NOTES TO CONSOLIDATED FINANCIAL STATEMENTS
(unaudited)
September 30, 1997
(1) Basis of Presentation
The financial information included herein is unaudited, however, such
information reflects all adjustments (consisting of normal recurring accruals)
which are, in the opinion of management, necessary to present fairly the results
of operations for the periods presented. The results of operations for the six
months ended September 30, 1997 are not necessarily indicative of a full year.
The information contained in this Quarterly Report on Form 10-Q
should be read in conjunction with the audited financial statements as of June
30, 1997 filed as part of the Company's Annual Report on Form 10-K.

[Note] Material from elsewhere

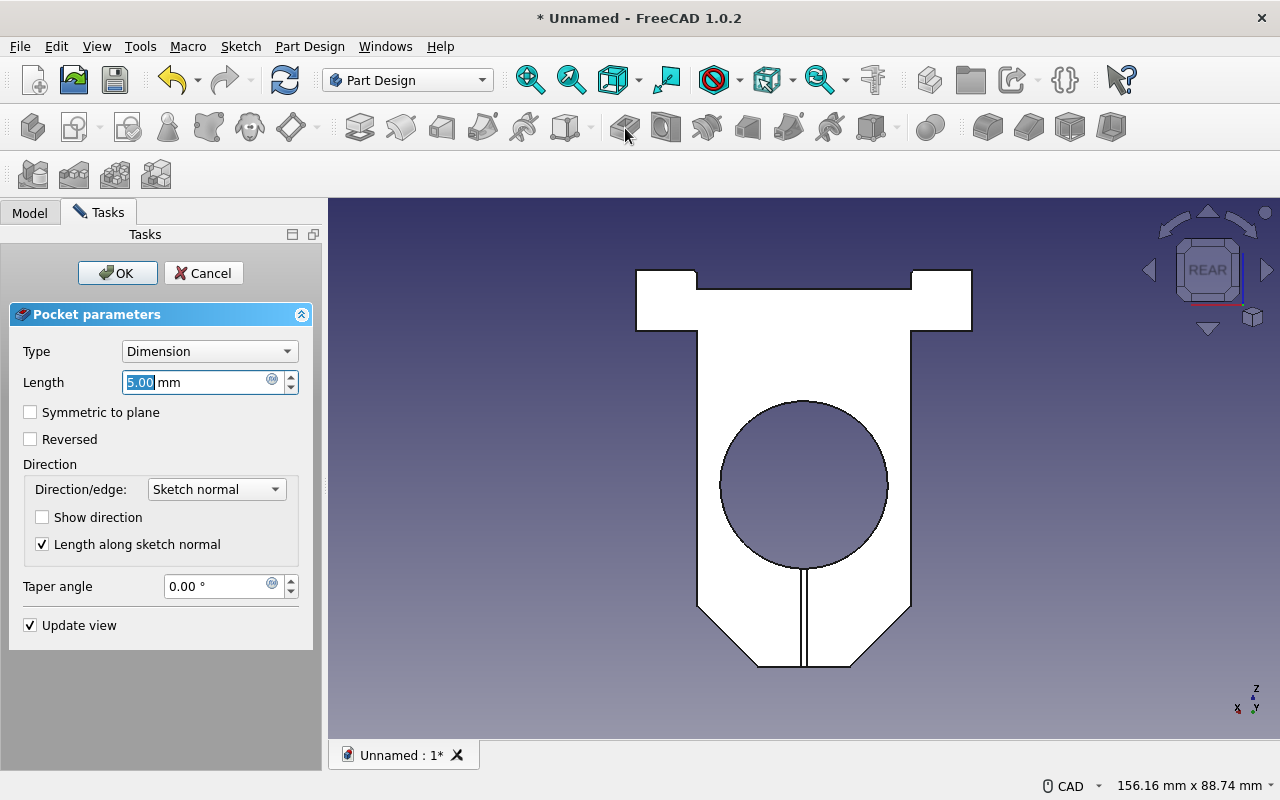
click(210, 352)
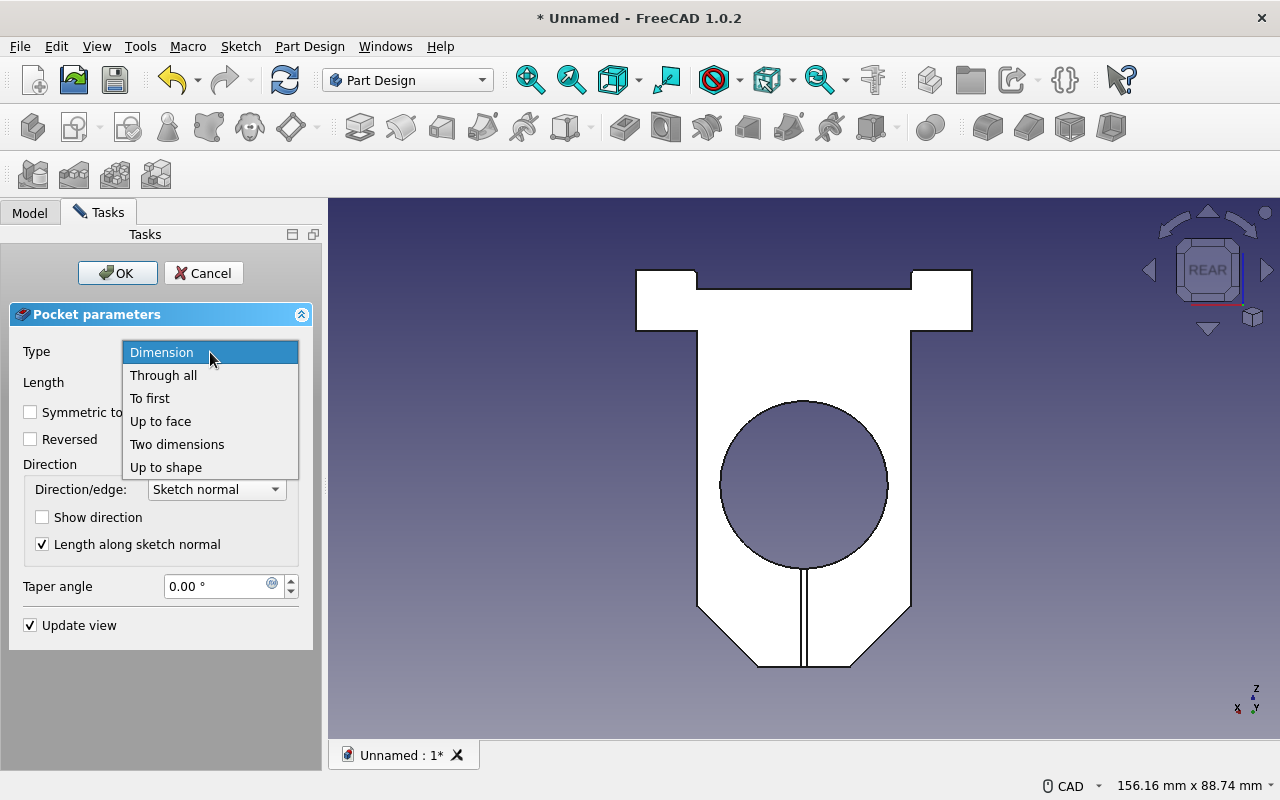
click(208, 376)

(2) Organization, Business, and Principles of Consolidation
Harmony Holdings, Inc. (the "Company") was incorporated under the laws
of the State of Delaware on August 5, 1991 as a wholly owned subsidiary of
Ventura Entertainment Group Ltd. ("Ventura"). In connection with its formation
and initial capitalization, Ventura contributed all of the capital stock of
Harmony Pictures, Inc. ("Harmony") and Melody Films, Inc. ("Melody") to the
Company. Harmony and Melody have been operating since 1979. In March 1990,
Ventura acquired Harmony and Melody from its co-founders, Stuart Gross and
Robert Lieberman. The Company conducts its operations through its wholly owned
subsidiaries, Harmony Pictures, Inc., Melody Films, Inc., Lexington Films, Inc.,
The End Inc., The Beginning Inc., The Moment Inc., The End (London) Ltd.,
Curious Pictures Corporation, Hollywood Business Solutions, Inc. and Harmony
Entertainment, Inc. Unless the context indicates otherwise, the term "Company"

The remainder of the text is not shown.